▸ **DIRECTIONS**
Below are several entries. Transcribe exactly those lines that fall from the one with "Your response must" through the one with "Offer a very short reply. 0.", end lines included.

START DATA SHOWN

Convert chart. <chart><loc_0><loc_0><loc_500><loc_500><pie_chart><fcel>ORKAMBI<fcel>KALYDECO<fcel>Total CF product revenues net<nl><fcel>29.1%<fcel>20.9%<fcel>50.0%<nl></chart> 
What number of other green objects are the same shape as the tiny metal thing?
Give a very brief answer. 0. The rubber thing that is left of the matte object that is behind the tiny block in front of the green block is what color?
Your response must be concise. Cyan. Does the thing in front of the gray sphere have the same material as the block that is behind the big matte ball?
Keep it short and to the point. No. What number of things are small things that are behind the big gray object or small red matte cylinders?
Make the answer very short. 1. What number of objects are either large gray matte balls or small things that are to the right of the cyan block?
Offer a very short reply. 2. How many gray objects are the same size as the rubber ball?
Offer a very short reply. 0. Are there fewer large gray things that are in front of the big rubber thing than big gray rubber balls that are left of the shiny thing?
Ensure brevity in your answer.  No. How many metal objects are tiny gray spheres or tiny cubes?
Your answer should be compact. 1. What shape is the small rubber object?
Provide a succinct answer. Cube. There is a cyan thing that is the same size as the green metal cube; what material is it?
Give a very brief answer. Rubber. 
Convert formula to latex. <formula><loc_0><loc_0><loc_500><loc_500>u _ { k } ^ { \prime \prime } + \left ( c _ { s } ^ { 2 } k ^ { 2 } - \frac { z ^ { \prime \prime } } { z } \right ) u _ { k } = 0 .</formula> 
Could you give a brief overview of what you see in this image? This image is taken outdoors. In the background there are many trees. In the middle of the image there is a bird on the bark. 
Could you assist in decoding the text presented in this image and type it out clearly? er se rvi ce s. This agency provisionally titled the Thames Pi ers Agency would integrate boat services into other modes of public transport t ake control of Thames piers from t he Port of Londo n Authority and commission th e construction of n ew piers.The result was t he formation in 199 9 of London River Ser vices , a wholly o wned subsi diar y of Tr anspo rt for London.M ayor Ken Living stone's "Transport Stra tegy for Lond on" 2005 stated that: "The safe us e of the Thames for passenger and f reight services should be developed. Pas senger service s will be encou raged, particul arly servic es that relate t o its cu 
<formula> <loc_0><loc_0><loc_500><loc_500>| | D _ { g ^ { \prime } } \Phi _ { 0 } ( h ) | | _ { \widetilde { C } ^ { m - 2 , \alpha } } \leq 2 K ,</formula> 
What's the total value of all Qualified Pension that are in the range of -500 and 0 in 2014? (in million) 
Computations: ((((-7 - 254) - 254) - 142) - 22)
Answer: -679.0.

END DATA SHOWN

▸ **TASK ANSWER**
Your response must be concise. Cyan. Does the thing in front of the gray sphere have the same material as the block that is behind the big matte ball?
Keep it short and to the point. No. What number of things are small things that are behind the big gray object or small red matte cylinders?
Make the answer very short. 1. What number of objects are either large gray matte balls or small things that are to the right of the cyan block?
Offer a very short reply. 2. How many gray objects are the same size as the rubber ball?
Offer a very short reply. 0. Are there fewer large gray things that are in front of the big rubber thing than big gray rubber balls that are left of the shiny thing?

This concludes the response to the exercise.